This compares where Red Bull started each race versus where they finished — plotted against the rest of the field. In 2023 those blue dots are in a completely different corner of the chart from everyone else. Blue dots (Red Bull) are isolated in the bottom and mostly in the left in 2023 which means they always qualified and finished at the front. In 2024 they start mixing into the gray field.

Driver Consistency

Driver Finishing Consistency

In F1 the key to winning a championship is considered to be consistency. This chart shows the spread of finishing positions for the top 8 drivers — a narrow box means reliable results, a wide box means unreliability. Verstappen's box is the tightest and leftmost in 2023, and still leftmost in 2024. Pérez's box widens dramatically in 2024. This suggests that his inconsistent driving was a big reason why Red Bull lost the constructors title.

Full Python Scripts

These are all the scripts that I used in this project — from data collection to advanced analysis. Click tabs to switch between files.

01_data_collection.py — used FastF1 API for safe batch download and creating CSV backups
import fastf1
import pandas as pd
import os
import time

# First I enable caching so that any session data is not redownloaded
fastf1.Cache.enable_cache("cache")

SEASONS = [2023, 2024]

def load_session_safe(year, round_num, session_type):
    # Loaded each session safely. If there is a failure then instead of crashing the function retuns None
    try:
        session = fastf1.get_session(year, round_num, session_type)
        session.load()
        print(f"   Loaded {year} Round {round_num}")
        return session
    except Exception as e:
        print(f"   Failed {year} Round {round_num}: {e}")
        return None

def extract_race_results(session, year, round_num):
    # Extracted the race results and added context columns
    try:
        results = session.results.copy()
        results['Year']      = year
        results['Round']     = round_num
        results['EventName'] = session.event['EventName']
        results['Country']   = session.event['Country']
        return results
    except Exception as e:
        print(f"   Could not extract results: {e}")
        return None

all_race_results = []

for year in SEASONS:
    schedule = fastf1.get_event_schedule(year, include_testing=False)
    total_rounds = len(schedule)
    print(f"\nSeason {year} — {total_rounds} rounds")

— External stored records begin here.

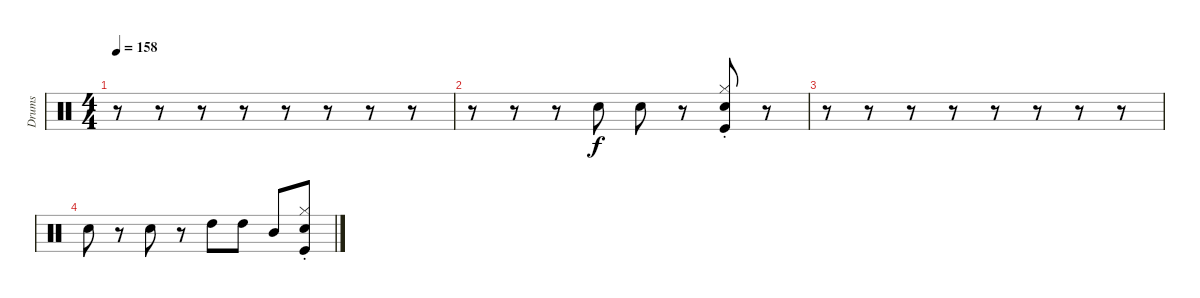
\track ("Drums" "Drums") {instrument percussion}
\staff {score}
\articulation defaults
\ts (4 4)
\tempo 158
\clef neutral
\ks c
r.8{dy f} r.8 r.8 r.8 r.8 r.8 r.8 r.8 |
r.8 r.8 r.8 "Snare (hit) 2".8 "Snare (hit) 2".8 r.8 ("Hi-Hat (closed)" "Snare (hit) 2" "Kick (hit)"{st}).8 r.8 |
r.8 r.8 r.8 r.8 r.8 r.8 r.8 r.8 |
"Snare (hit) 2".8 r.8 "Snare (hit) 2".8 r.8 "High Tom (hit)".8 "High Tom (hit)".8 "Mid Tom (hit)".8 ("Hi-Hat (closed)" "Snare (hit) 2" "Kick (hit)"{st}).8

    for round_num in range(1, total_rounds + 1):
        backup_path = f"data/backups/{year}_round{round_num:02d}_results.csv"

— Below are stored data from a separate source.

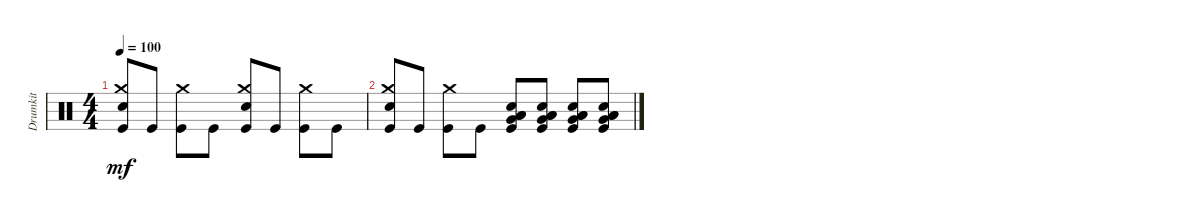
\track ("Drumkit" "Drumkit") {instrument percussion}
\staff {score}
\articulation defaults
\ts (4 4)
\tempo 100
\clef neutral
\ks c
("Kick (hit)" "Crash medium (hit)" "Snare (hit) 2").8{dy mf} "Kick (hit)".8 ("Kick (hit)" "Crash medium (hit)").8 "Kick (hit)".8 ("Kick (hit)" "Snare (hit) 2" "Crash medium (hit)").8 "Kick (hit)".8 ("Kick (hit)" "Crash medium (hit)").8 "Kick (hit)".8 |
("Kick (hit)" "Crash medium (hit)" "Snare (hit) 2").8 "Kick (hit)".8 ("Kick (hit)" "Crash medium (hit)").8 "Kick (hit)".8 ("Kick (hit)" "Low Floor Tom (hit)" "Very Low Tom (hit)" "Low Tom (hit)" "Snare (hit) 2").8 ("Snare (hit) 2" "Low Tom (hit)" "Very Low Tom (hit)" "Low Floor Tom (hit)" "Kick (hit)").8 ("Kick (hit)" "Low Floor Tom (hit)" "Very Low Tom (hit)" "Low Tom (hit)" "Snare (hit) 2").8 ("Snare (hit) 2" "Low Tom (hit)" "Very Low Tom (hit)" "Low Floor Tom (hit)" "Kick (hit)").8

        # If session data already downloaded then skip
        if os.path.exists(backup_path):
            print(f"  Round {round_num} — already saved, skipping")
            continue

        race_session = load_session_safe(year, round_num, 'R')

        if race_session is not None:
            results = extract_race_results(race_session, year, round_num)
            if results is not None:
                all_race_results.append(results)
                results.to_csv(backup_path, index=False)
                print(f"   Backup saved: {backup_path}")

        time.sleep(5)  # Enabled a safety delay to avoid rate limits

# Combined all rounds into a master CSV file
if all_race_results:
    master = pd.concat(all_race_results, ignore_index=True)
    master.to_csv("data/raw/master_race_results.csv", index=False)
    print(f"Master results saved: {len(master)} rows")
02_data_cleaning.py — removed nulls, fixed types, standardized teams and some basic feature engineering
import pandas as pd
import numpy as np

df = pd.read_csv("data/raw/master_race_results.csv")
print(f"Raw shape: {df.shape}")

# Dropped the columns that are completely null or irrelevant
cols_to_drop = [
    'BroadcastName', 'TeamColor', 'HeadshotUrl',
    'CountryCode', 'Q1', 'Q2', 'Q3',
    'TeamId', 'DriverId'
]
df = df.drop(columns=cols_to_drop)

# Renamed all columns to follow snake_case convention
df = df.rename(columns={
    'DriverNumber'      : 'driver_number',
    'Abbreviation'      : 'driver_code',
    'FirstName'         : 'first_name',
    'LastName'          : 'last_name',
    'FullName'          : 'driver_name',
    'TeamName'          : 'team',
    'Position'          : 'finish_position',
    'ClassifiedPosition': 'classified_position',
    'GridPosition'      : 'grid_position',
    'Time'              : 'race_time',
    'Status'            : 'status',
    'Points'            : 'points',
    'Laps'              : 'laps_completed',
    'Year'              : 'year',
    'Round'             : 'round',
    'EventName'         : 'race_name',
    'Country'           : 'country',
})

# Fixed data types
df['finish_position'] = pd.to_numeric(df['finish_position'], errors='coerce')
df['grid_position']   = pd.to_numeric(df['grid_position'],   errors='coerce')
df['points']          = pd.to_numeric(df['points'],          errors='coerce').fillna(0)
df['year']            = df['year'].astype(int)
df['round']           = df['round'].astype(int)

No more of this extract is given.